I want to clarify that the previously mentioned problems with the chocolate pound cake weren’t with the recipe itself, rather, it seems that I’m allergic to bundt pans. I got a silicone pan last winter, and have been excited to try it out. An attempt in March to make a cookies-and-cream pound cake failed miserably when I tried to un-pan the cake, resulting in a quick “oh look, let’s make trifle!” moment. So this time, when I decided to make chocolate pound cake, I took every precaution I could think of. Pan greased and floured? Check. Put it on a baking sheet so the cake doesn’t buckle when moving it in and out of the oven? Check. Waiting for the cake to cool completely before trying to release it from the pan? Check.
Nope, it still disintegrated into a crumbly mess. Ok, I’m thinking, maybe it’s the silicone that’s the problem. I borrowed a regular metal (non-stick!) bundt, and tried again. Greased, floured, cooled? Check, check, check. Beautiful cake sliding effortlessly out of the pain? No, no, no. Only the first layer came off.
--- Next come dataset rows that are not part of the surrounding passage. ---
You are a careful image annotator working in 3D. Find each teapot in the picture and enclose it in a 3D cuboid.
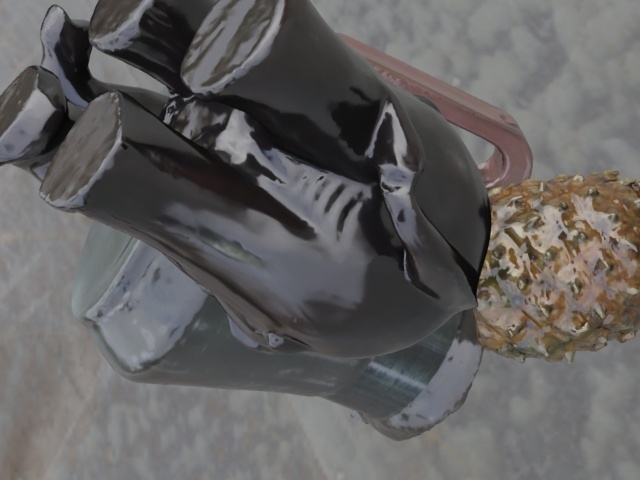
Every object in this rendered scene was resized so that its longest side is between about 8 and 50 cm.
[{"bbox_3d":[0.000,0.000,1.024,0.376,0.361,0.305,-55,24,25],"label":"teapot"}]

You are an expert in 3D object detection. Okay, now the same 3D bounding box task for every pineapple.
[{"bbox_3d":[0.258,0.003,0.803,0.310,0.170,0.141,-13,88,17],"label":"pineapple"}]

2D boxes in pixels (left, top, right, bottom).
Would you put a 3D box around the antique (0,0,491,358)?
[{"bbox_3d":[-0.039,-0.036,0.658,0.322,0.255,0.185,25,85,53],"label":"antique"}]
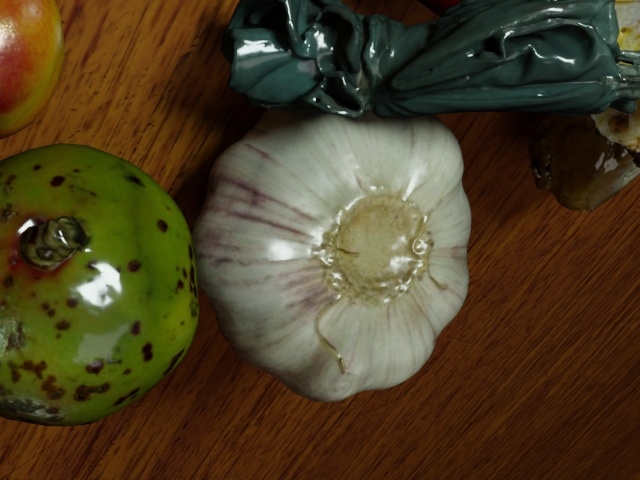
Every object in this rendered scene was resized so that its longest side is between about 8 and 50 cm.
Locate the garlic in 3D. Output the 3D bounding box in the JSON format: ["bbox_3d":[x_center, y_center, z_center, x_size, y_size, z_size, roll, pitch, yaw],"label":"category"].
[{"bbox_3d":[0.000,0.000,0.916,0.245,0.245,0.253,-24,-170,-19],"label":"garlic"}]

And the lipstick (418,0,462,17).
[{"bbox_3d":[0.100,-0.202,0.819,0.080,0.080,0.241,-45,148,17],"label":"lipstick"}]

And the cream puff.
[{"bbox_3d":[0.272,-0.110,1.088,0.165,0.115,0.150,-38,158,-13],"label":"cream puff"}]

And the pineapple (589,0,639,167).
[{"bbox_3d":[0.317,-0.206,0.891,0.262,0.262,0.271,-53,180,28],"label":"pineapple"}]

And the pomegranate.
[{"bbox_3d":[-0.190,0.026,0.785,0.198,0.246,0.198,-5,106,-19],"label":"pomegranate"}]

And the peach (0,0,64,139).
[{"bbox_3d":[-0.196,-0.111,0.643,0.101,0.100,0.100,-25,149,-17],"label":"peach"}]

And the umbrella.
[{"bbox_3d":[0.110,-0.128,0.752,0.143,0.349,0.094,-47,139,-75],"label":"umbrella"}]
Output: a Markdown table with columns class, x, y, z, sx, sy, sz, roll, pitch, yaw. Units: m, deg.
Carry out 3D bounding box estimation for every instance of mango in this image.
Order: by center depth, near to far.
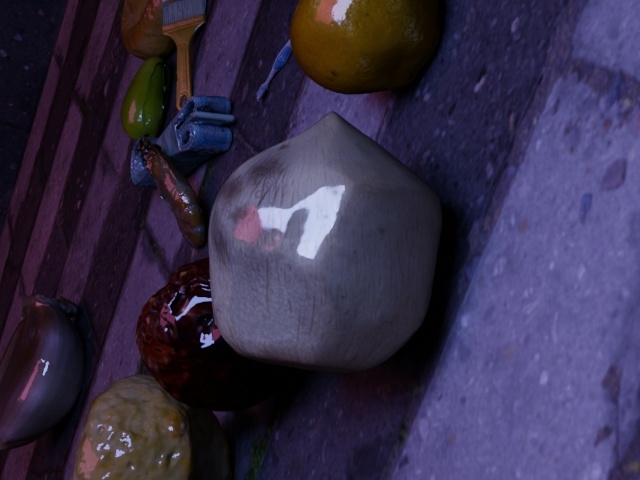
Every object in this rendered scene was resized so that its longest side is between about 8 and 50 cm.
| class | x | y | z | sx | sy | sz | roll | pitch | yaw |
| --- | --- | --- | --- | --- | --- | --- | --- | --- | --- |
| mango | -0.300 | -0.244 | 1.869 | 0.091 | 0.074 | 0.165 | 143 | 135 | -58 |

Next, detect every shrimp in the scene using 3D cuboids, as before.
| class | x | y | z | sx | sy | sz | roll | pitch | yaw |
| --- | --- | --- | --- | --- | --- | --- | --- | --- | --- |
| shrimp | -0.213 | -0.070 | 1.540 | 0.190 | 0.042 | 0.101 | 58 | 155 | 19 |

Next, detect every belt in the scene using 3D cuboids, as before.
| class | x | y | z | sx | sy | sz | roll | pitch | yaw |
| --- | --- | --- | --- | --- | --- | --- | --- | --- | --- |
| belt | -0.210 | -0.143 | 1.616 | 0.302 | 0.072 | 0.087 | -23 | 63 | 60 |

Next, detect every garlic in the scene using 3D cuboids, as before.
| class | x | y | z | sx | sy | sz | roll | pitch | yaw |
| --- | --- | --- | --- | --- | --- | --- | --- | --- | --- |
| garlic | -0.526 | 0.248 | 2.030 | 0.279 | 0.132 | 0.325 | -18 | 58 | 63 |

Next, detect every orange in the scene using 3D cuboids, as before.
| class | x | y | z | sx | sy | sz | roll | pitch | yaw |
| --- | --- | --- | --- | --- | --- | --- | --- | --- | --- |
| orange | 0.044 | -0.209 | 1.042 | 0.155 | 0.134 | 0.155 | -53 | 11 | 15 |

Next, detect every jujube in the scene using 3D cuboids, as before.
| class | x | y | z | sx | sy | sz | roll | pitch | yaw |
| --- | --- | --- | --- | --- | --- | --- | --- | --- | --- |
| jujube | -0.105 | 0.093 | 1.101 | 0.236 | 0.168 | 0.168 | 83 | -165 | -78 |

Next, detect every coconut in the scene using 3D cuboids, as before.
| class | x | y | z | sx | sy | sz | roll | pitch | yaw |
| --- | --- | --- | --- | --- | --- | --- | --- | --- | --- |
| coconut | 0.000 | 0.000 | 0.933 | 0.224 | 0.224 | 0.224 | -43 | 40 | 51 |

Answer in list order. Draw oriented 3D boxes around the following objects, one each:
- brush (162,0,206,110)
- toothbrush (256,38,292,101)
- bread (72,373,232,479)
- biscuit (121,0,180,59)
| class | x | y | z | sx | sy | sz | roll | pitch | yaw |
| --- | --- | --- | --- | --- | --- | --- | --- | --- | --- |
| brush | -0.221 | -0.301 | 1.765 | 0.083 | 0.011 | 0.205 | -10 | 70 | 22 |
| toothbrush | -0.045 | -0.237 | 1.382 | 0.162 | 0.014 | 0.017 | -55 | 17 | 39 |
| bread | -0.173 | 0.260 | 1.197 | 0.244 | 0.134 | 0.245 | -6 | -90 | -78 |
| biscuit | -0.291 | -0.425 | 1.930 | 0.274 | 0.091 | 0.213 | 4 | 79 | 64 |
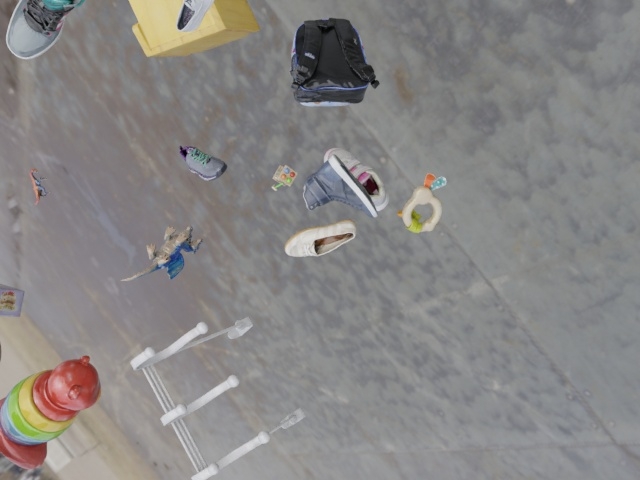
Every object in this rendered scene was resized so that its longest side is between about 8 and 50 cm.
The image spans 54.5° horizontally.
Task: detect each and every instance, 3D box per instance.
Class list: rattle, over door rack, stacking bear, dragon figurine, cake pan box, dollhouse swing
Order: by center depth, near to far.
[{"bbox_3d":[-0.162,0.265,1.138,0.108,0.324,0.240,-37,77,25],"label":"over door rack"},{"bbox_3d":[-0.831,0.110,1.342,0.245,0.266,0.070,6,85,35],"label":"cake pan box"},{"bbox_3d":[-0.601,0.362,1.393,0.289,0.175,0.164,-36,119,27],"label":"stacking bear"},{"bbox_3d":[-0.455,0.054,1.845,0.085,0.289,0.144,28,150,14],"label":"dragon figurine"},{"bbox_3d":[0.307,-0.135,1.897,0.130,0.143,0.200,3,117,3],"label":"rattle"},{"bbox_3d":[-0.457,-0.827,2.134,0.346,0.315,0.305,-9,101,29],"label":"dollhouse swing"}]

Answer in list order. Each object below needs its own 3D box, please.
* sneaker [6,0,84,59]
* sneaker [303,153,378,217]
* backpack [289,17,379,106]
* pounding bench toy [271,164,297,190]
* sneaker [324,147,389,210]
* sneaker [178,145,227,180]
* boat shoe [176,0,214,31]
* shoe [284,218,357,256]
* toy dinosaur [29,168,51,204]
[{"bbox_3d":[-0.566,-0.495,1.290,0.123,0.295,0.178,38,-170,-18],"label":"sneaker"},{"bbox_3d":[0.050,-0.119,1.818,0.226,0.163,0.086,47,-167,-17],"label":"sneaker"},{"bbox_3d":[0.024,-0.562,1.971,0.213,0.276,0.264,133,135,-71],"label":"backpack"},{"bbox_3d":[-0.125,-0.203,2.073,0.052,0.083,0.065,33,172,-23],"label":"pounding bench toy"},{"bbox_3d":[0.118,-0.203,1.930,0.252,0.103,0.111,40,172,4],"label":"sneaker"},{"bbox_3d":[-0.399,-0.262,2.054,0.223,0.083,0.098,17,154,48],"label":"sneaker"},{"bbox_3d":[-0.341,-0.642,1.676,0.066,0.063,0.184,47,129,-1],"label":"boat shoe"},{"bbox_3d":[0.000,0.000,1.760,0.058,0.218,0.077,-98,-15,-52],"label":"shoe"},{"bbox_3d":[-0.834,-0.167,1.831,0.047,0.090,0.082,-20,120,40],"label":"toy dinosaur"}]

Not awful, I think, I can just carve it flush with the lip of the pan, and no one will know the difference.
That didn’t work so well, either. The only way I was able to get the cake to release from the pan was to cut it into quarters and finagle each piece out individually. Not attractive, to say the least. I think I’m going to give bundts a rest for a while, before I just pick them both up and hurl them out the window.

The good news is that this recipe is tasty – it’s a great dense, chocolately cake. I just can’t make it in a bundt. I’d totally make again, but will opt for loaf pans next time. For the record, credit for everything but the collapse (because that’s my issue, not hers) goes to C. Roberts, contributor to the Bristol (CT) Little League cookbook, circa dunnowhen. Mrs. Waters also included two glazes to drizzle over. Even though I never got to that point (who wants to drizzle glaze over a pile of crumbs?), I’ve included them as well. Read the rest of this entry ?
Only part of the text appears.